Monday 24 July 2017

Cancer of payments must be stopped -- Cooney

MARIE CROWE in Mullingar

GAA president Christy Cooney has condemned the culture of payments to managers, telling delegates at yesterday's annual Congress in Mullingar that it is like a cancer running through the organisation.

"It is nurtured and supported by poor or complete abdication of leadership," said Cooney. "And sometimes carefully orchestrated through supporters' clubs or so-called friends of the GAA, people very often with an interest in the realisation of short-term goals only and no interest or understanding of our rules and regulations."

In a strong speech, Cooney also questioned the point of the GAA's voluntary ethos and amateur status in the context of the continuing payments to managers.

He added that a lack of adherence to the GAA's rules must be addressed and that the only solution to the problem was the withdrawal of financial support to counties who break the rules.

"I believe it is necessary now for all of us to take stock in an effort to find out if we can be the organisation we desire to be," said Cooney.

The GAA president said he is hoping to call together the chairpersons, secretaries, treasurers and Central Council delegates of each county board to a discussion forum within the next two months to discuss the issue.

Cooney also raised the possibility of reorganising the provincial boundaries. He said that while the provinces are a "crucial link" in the GAA's coaching and games programme there is a need for the current structure to be reassessed.

"Do we need a more even spread of counties in each province?" he said. "Should we dispense with the ancient geographical borders of the four provinces and seek instead to realign our provinces along more practical lines, in a manner that better suits the Association's needs in the 21st century?"

Cooney, who now enters his last year as president, also addressed the possibility of breaking up the Dublin County Board to better cater for the capital's population.

"Is it realistic for Dublin -- and a quarter of the population -- to be catered for by one single county board? Is it allowing the GAA to get the most out of Dublin, or would an administrative re-examination allow for higher penetration levels when it comes to activity?"

He also confirmed that he will establish a working group to consider the effectiveness of Congress and said that the GAA want to help create 10,000 sustainable jobs by 2013 in the green, waste and energy sectors.

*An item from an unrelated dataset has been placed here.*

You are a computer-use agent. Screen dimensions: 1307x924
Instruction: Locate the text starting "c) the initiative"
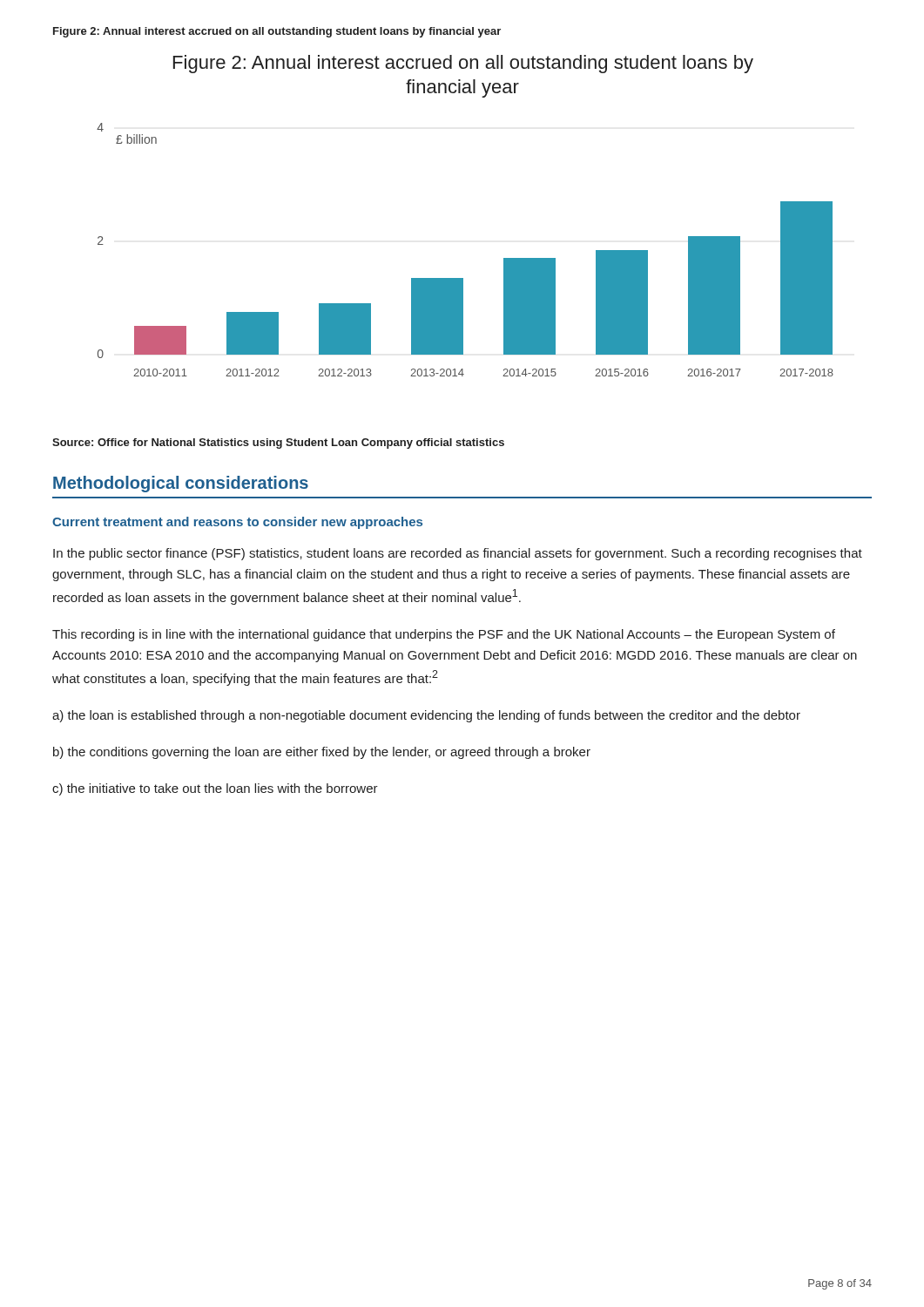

His address also revealed that a new pricing structure will be announced before this summer's championship.

The GAA president is not in favour of the continued inclusion of weaker counties in the National Hurling Leagues. He believes that the current system means a limited number of players receive regular games while those outside of the county side were left without regular matches.

"I am not advocating the cessation of inter-county activity or the disbanding of the inter-county team in such counties.

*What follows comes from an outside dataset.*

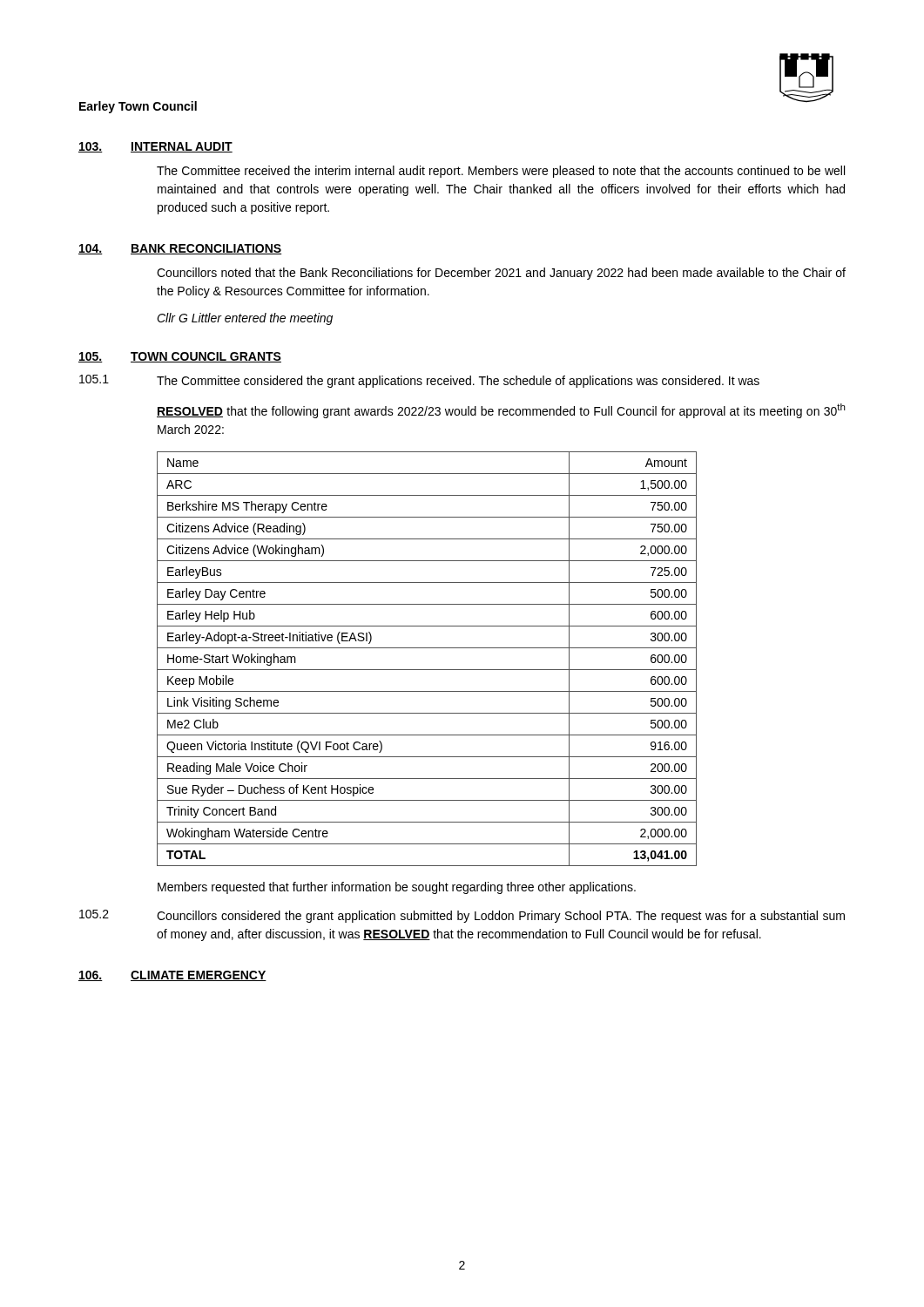Click on the section header with the text "104. BANK RECONCILIATIONS"

coord(180,248)

"Rather, I am suggesting that until such time as a reasonable level of club hurling activity is evident and until such time as there is evidence of proper and meaningful progress on the numbers playing the game in these counties, their inter-county participation should be restricted to the summer championship competition only."

Meanwhile, the controversial winter training ban has been upheld. Laois had proposed a November-only inter-county training ban but 54% of delegates rejected the motion.

After the decision was reached Cooney asked delegates to enforce the rule they had voted in. "Stop codding ourselves," he said.